Thermal phase transition in F(R) -charged AdS4 scalar theory

Abstract

We investigate instabilities of $F(R)$-charged ${\mathrm{AdS}}_{4}$ black holes by a massive charged scalar field in a linear perturbation regime. We study tachyonic instabilities as the near horizon scalar condensation in a model of $F(R)$ gravity with planar horizon and investigate properties of possible phase transitions. The results show that such transitions are sensitive to the first derivative of $F(R)$ with respect to $R$ in that the larger its value, the higher the critical temperature, thus resulting in a new generation of high-temperature superconductors. Also, for a certain range of parameters, $F(R)$-charged ${\mathrm{AdS}}_{4}$ black holes suffer from superradiant instability. We consider the effects of the scalar mass and charge on such instabilities and conclude that Reissner-Nordstrom (RN) black holes decay into small hairy black holes that have a charged scalar condensate floating near the horizon.
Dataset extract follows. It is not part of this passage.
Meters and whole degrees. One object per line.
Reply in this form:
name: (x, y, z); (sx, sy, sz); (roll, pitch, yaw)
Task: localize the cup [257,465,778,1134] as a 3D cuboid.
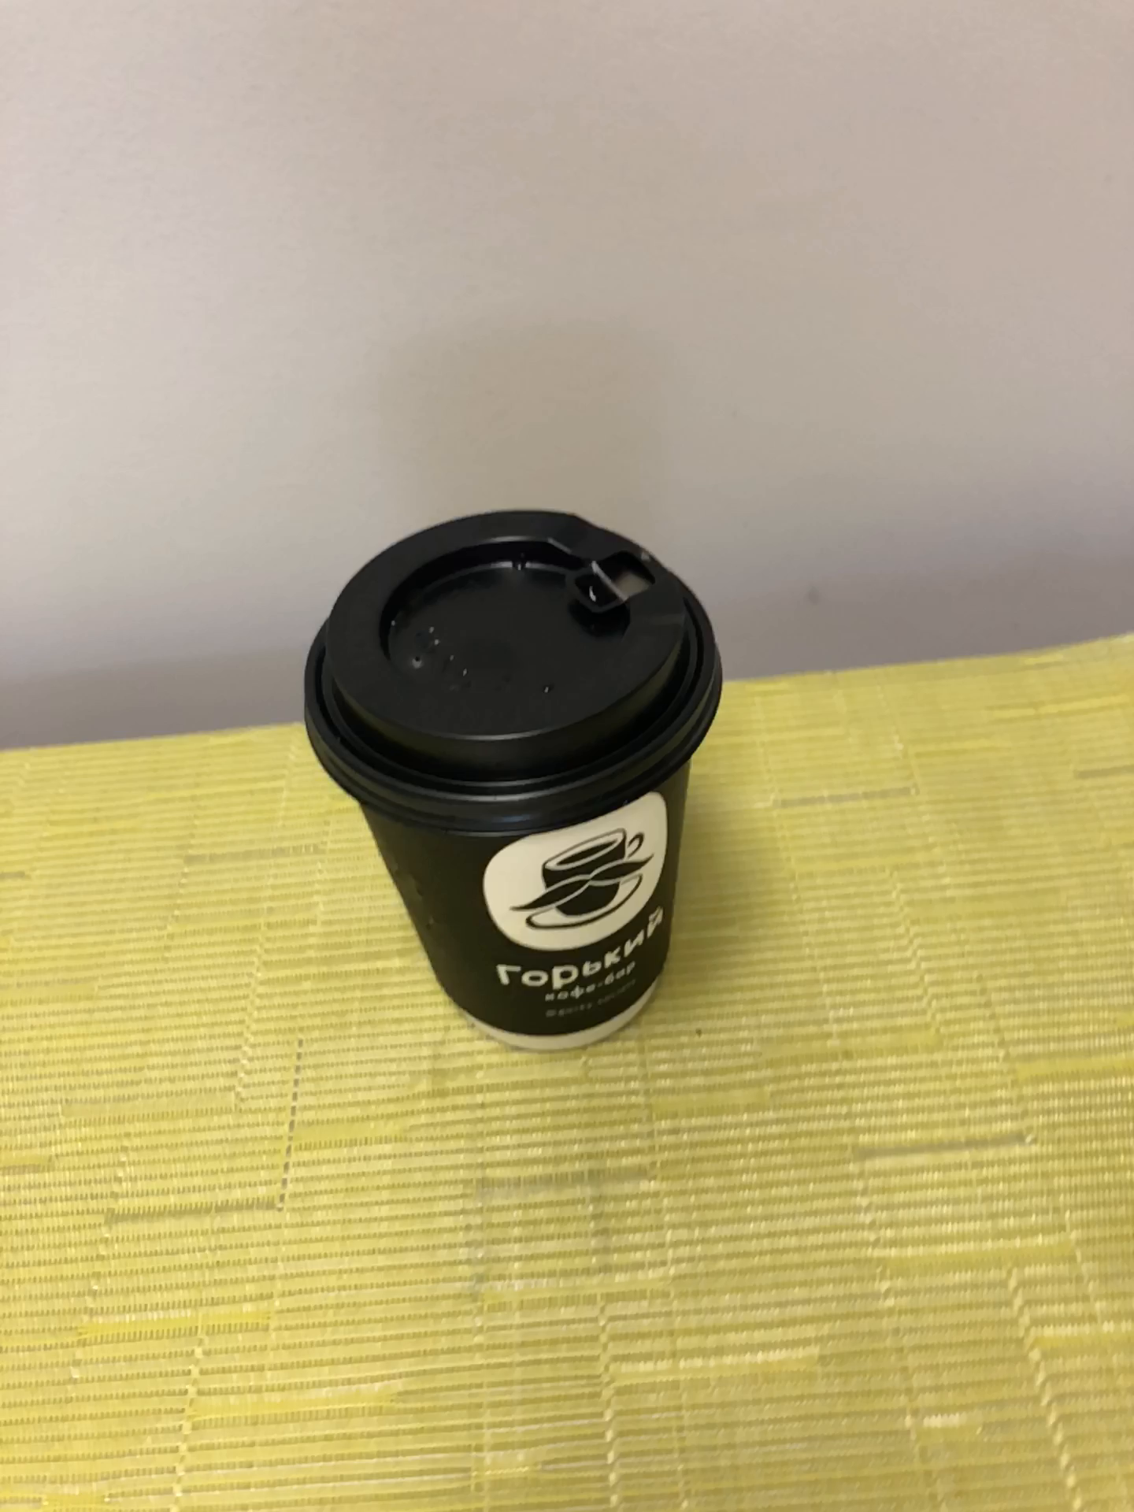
cup: (-0.011, 0.012, 0.320); (0.092, 0.120, 0.090); (-3, 45, 3)

It is shown that the existence of phase transition at the critical temperature leading to a hairy black hole solution emerges for $T<{T}_{c}$, while RN black holes exist for $T>{T}_{c}$. The effect of $F(R)$ on the critical temperature is subsequently investigated in the case of superradiant instability, showing that higher critical temperatures would be possible in $F(R)$ gravity. We also check the stability of hairy black holes and show that the resulting hairy solution can be considered as a possible endpoint of superradiant instability of a small charged black hole.